The fast-paced nature of today’s economy also demands that franchisors continue to improve and develop their systems over time, and is particularly important to franchisees who are investing in theirfranchised business for the term of a franchise agreement. At the same time, changes to a franchise system may have financial implications on franchisees, since they are often expected to implement new business methods at their own cost. It is important to ascertain how a franchisor balances the dual nature of maintaining currency while being sensitive to system changes and improvements.

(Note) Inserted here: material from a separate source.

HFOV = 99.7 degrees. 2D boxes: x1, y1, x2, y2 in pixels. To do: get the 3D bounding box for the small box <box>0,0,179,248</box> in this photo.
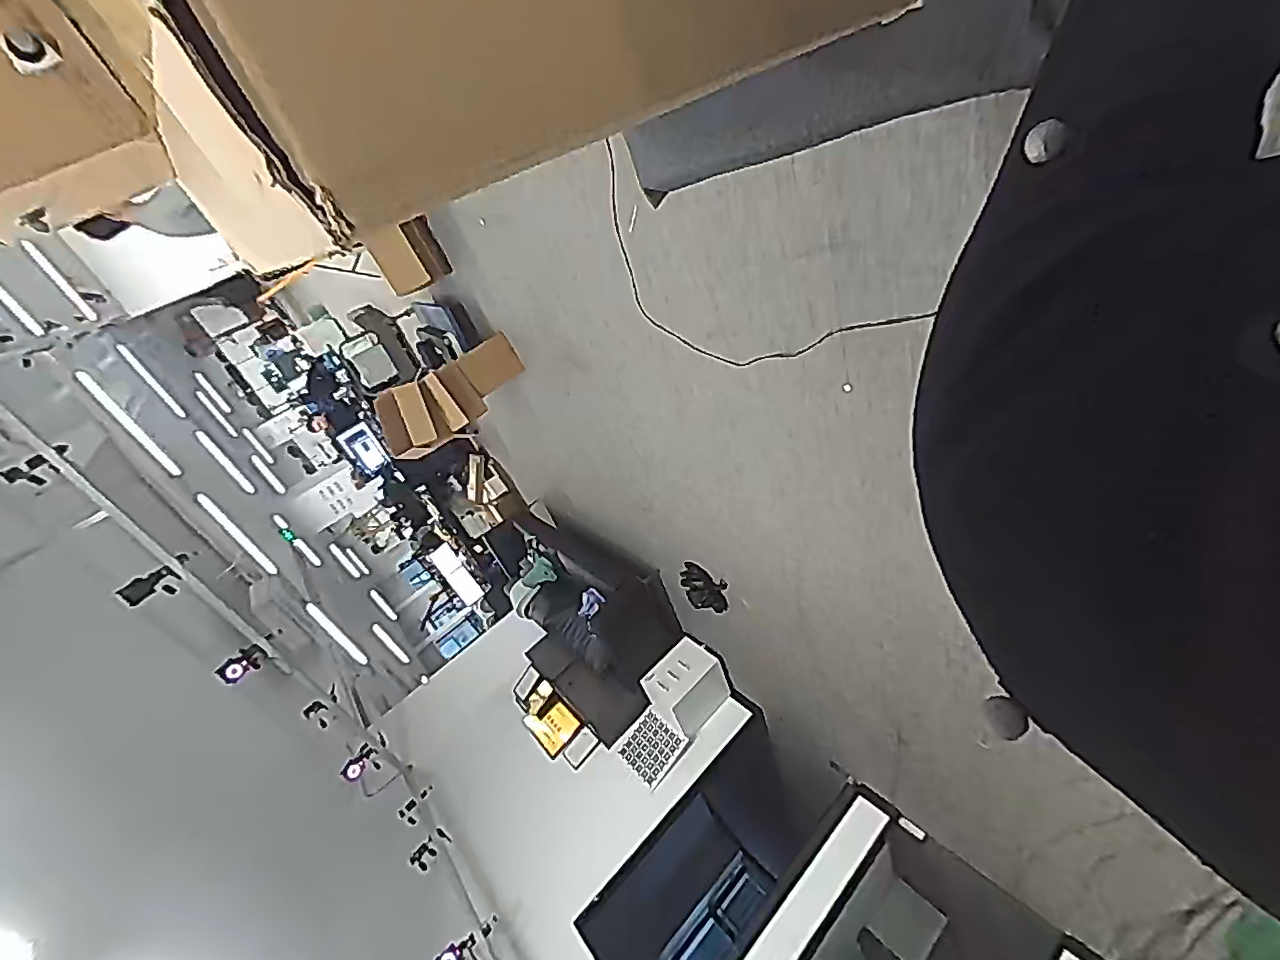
[{"bbox_3d":[-0.527,-0.318,0.444,0.179,0.176,0.168,17,143,52],"label":"small box"}]

5. Supply chain and other business relationships
The designation by a franchisor of the exclusive use of certain suppliers ensures consistency across the system, and can also benefit franchisees in other ways. Certain franchises provide access to a unique and proprietary product, such as a secret recipe for a restaurant, or an exclusive teaching method for a tutoring business. Other franchises harness the power of numbers of its franchisees to negotiate rebates or lower prices with suppliers. Note that it is not uncommon for these types of volume rebates or discounts are not always passed on to the franchisee. If the franchisor does not pass on these savings, franchisees should ensure that supplies are being sold to them at competitive market rates. For example, a franchisee that is required to use the franchisor, or a contractor designated by the franchisor, as its general contractor to build out a franchise location should carefully review the competitiveness of the constructions costs, including who is responsible for overruns. Franchisees may also benefit from relationships that a franchisor establishes with banks to obtain or to fast-track the approval of financing. Finally, large retail property centres often deal primarily or exclusively with franchisors, making it difficult for entrepreneurs to otherwise secure locations at these sites.